Fallout's Production Designer Talks Adapting Games and Westworld Differences

We talked to Howard Cummings about his love for the Fallout games.

The entire first season of Fallout was released on Prime Video this week, and it's already a hit with critics and audiences alike. The show is currently up on Rotten Tomatoes with a 93% critics score and 85% audience score. ComicBook.com's Tanner Dedmon gave the new series a 4.5 out of 5, saying it has "raised the bar for what a video game adaptation can look like." ComicBook.com had the chance to attend the show's Los Angeles premiere earlier this week and spoke to many of the folks who brought the series to life. The cast had nothing but praise for the production design, and we spoke to the production designer, Howard Cummings, about the series and how it compared to his time working on Westworld, which had a lot of the same team behind the scenes. 

"The showrunners were new, Graham [Wagner] and Geneva [Robertson-Dworet], and they're the originators of the story and all this stuff, but we all kind of fit right in," Cummings shared. "But yeah, there was a shorthand that helped, but it doesn't look anything like Westworld. It's kind of the opposite. And it's a comedy, so it's goofy. It's also violent. Well, Westworld was too, but I mean it is colorful. It's nothing like that. So I kept going, 'Am I supposed to make this thing look slicker?' And they said, 'You do what you want to.'" 

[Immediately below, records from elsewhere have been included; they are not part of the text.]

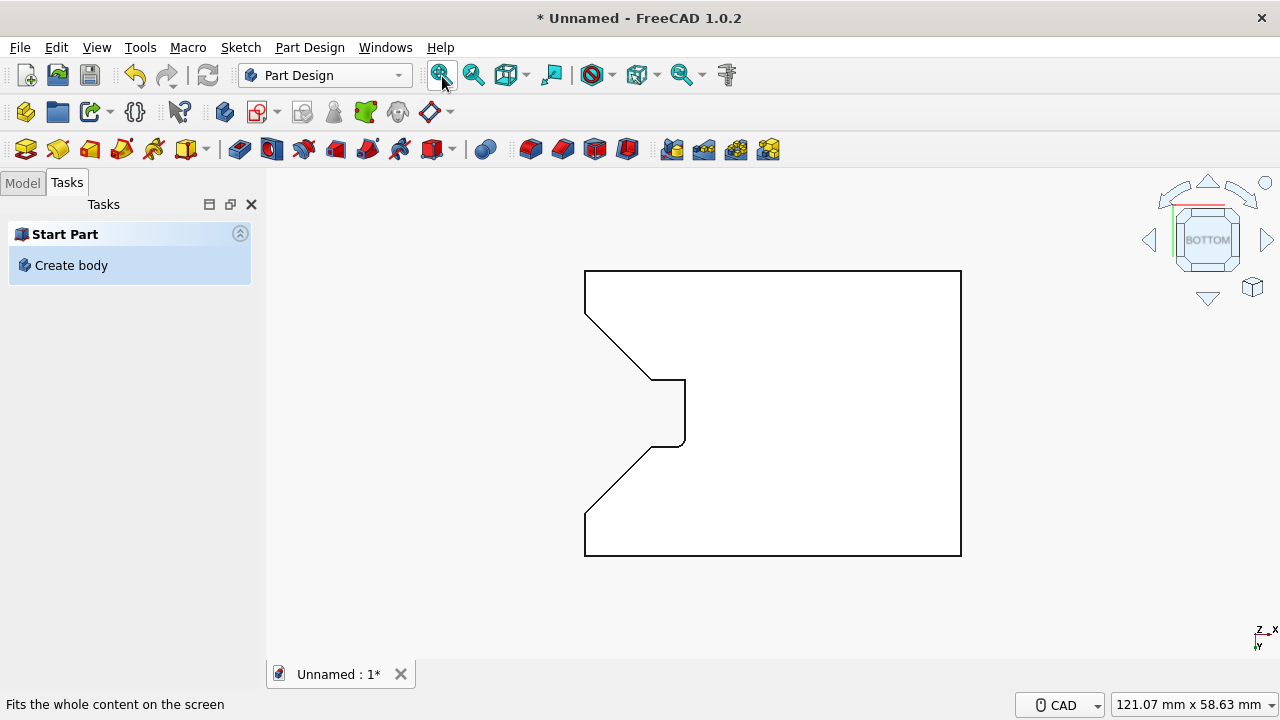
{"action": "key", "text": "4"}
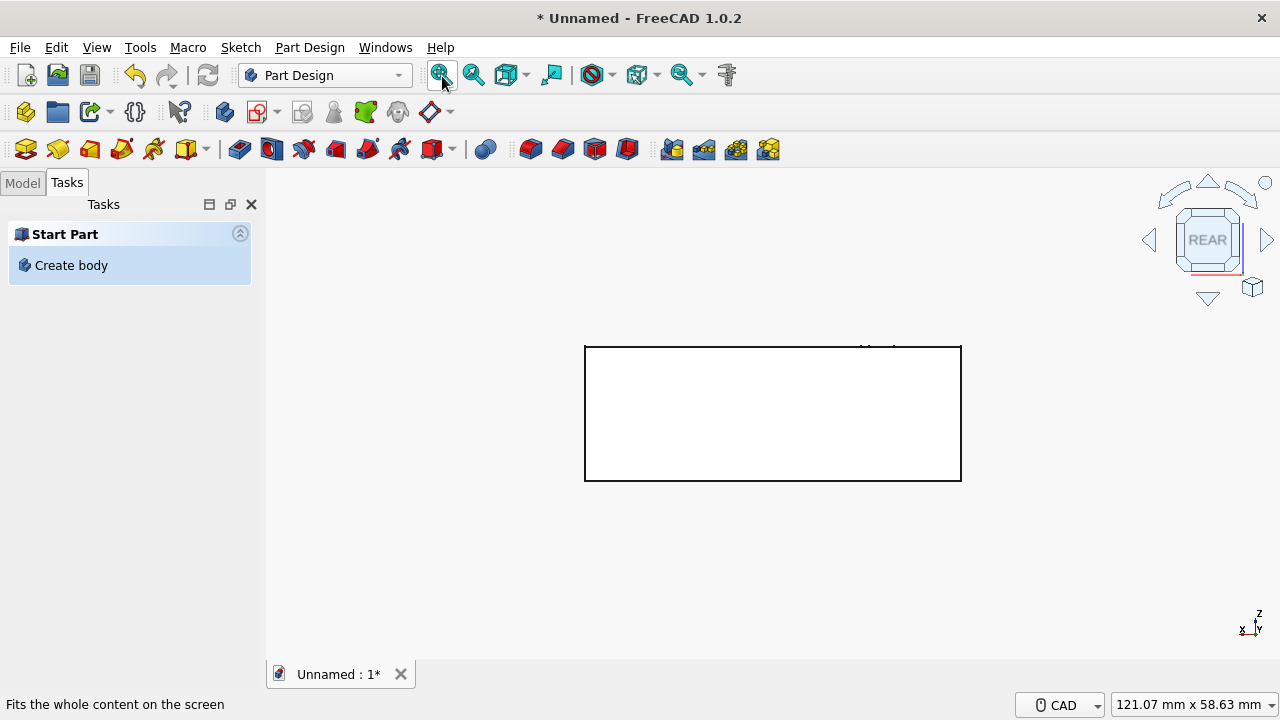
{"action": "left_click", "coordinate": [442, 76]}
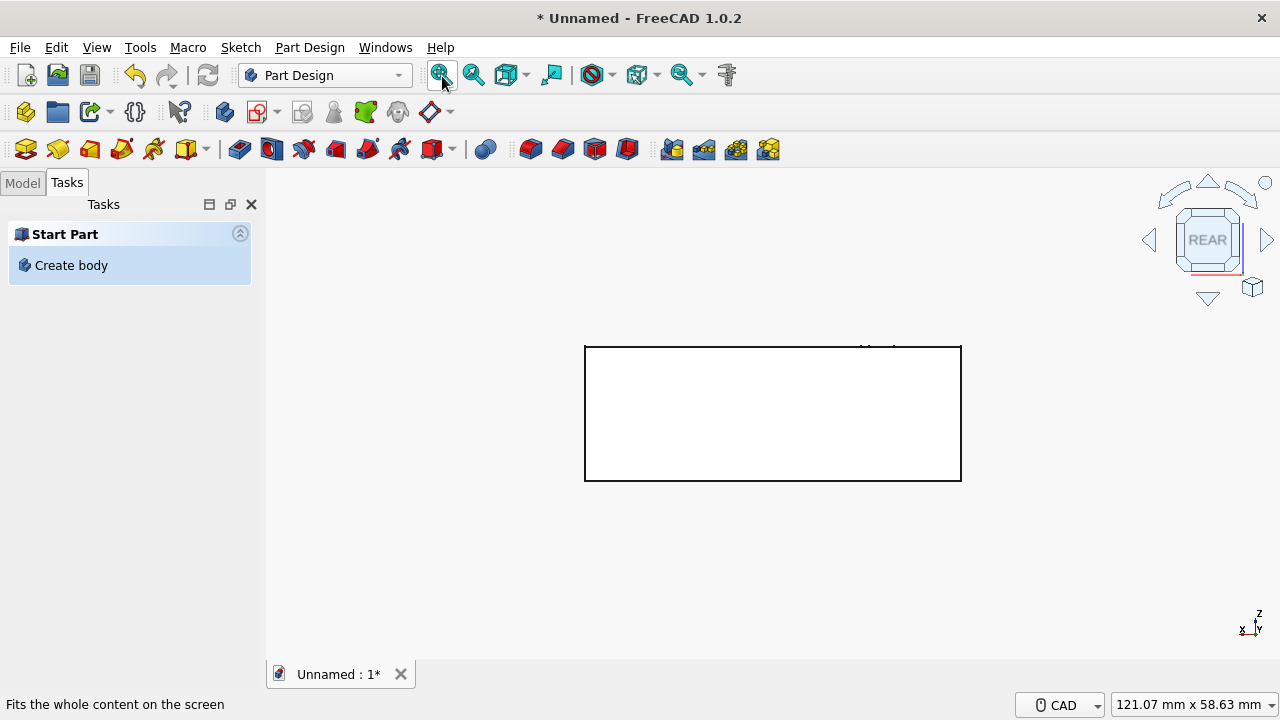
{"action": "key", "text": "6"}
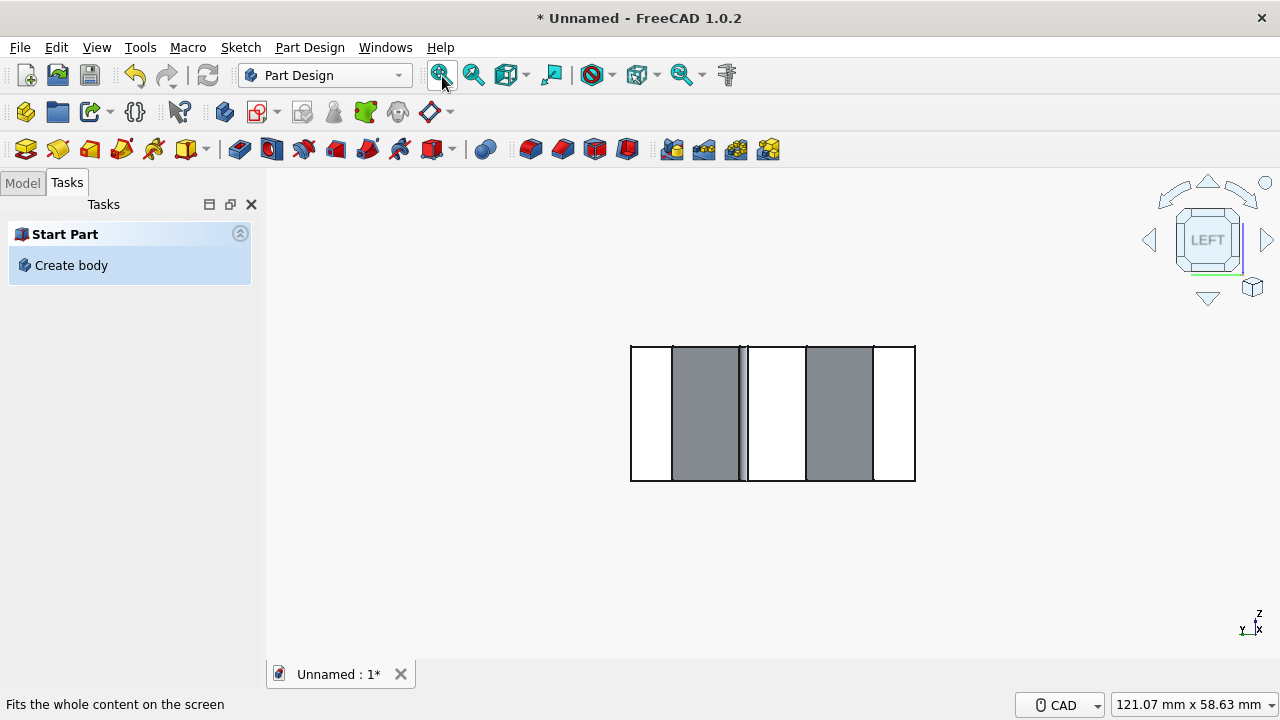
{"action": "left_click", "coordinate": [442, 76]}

"I fell in love with the game," he added. "I fell in love with looking at and understanding from the fans really from YouTube tutorials and stuff like that. And that's how I learned about the game. And I went, these people love this. And then I began to love it."

What Is Fallout About?

While the show's main characters – Lucy (Ella Purnell), Maximus (Aaron Moten), and Cooper Howard (Walton Goggins) – are entirely new, they fit certain archetypes established in the games. Lucy is a Vault Dweller, and the start of the series centers around her leaving her Vault for the very first time and heading to Los Angeles. Maximus is a squire of the Brotherhood of Steel, while Cooper is a bounty-hunting Ghoul. 

"It's an uncertain time in television. So the art form of season finales has become: provide enough closure, but leave the door open for more," writer Graham Wagner told Total Film. "But we feel we've barely scratched the surface of the Fallout universe. We literally have documents and documents of stuff that we're, in success, eager to dig into. Our fingers are crossed that we're going to get the opportunity to do all that stuff." 

Fallout is now streaming on Prime Video.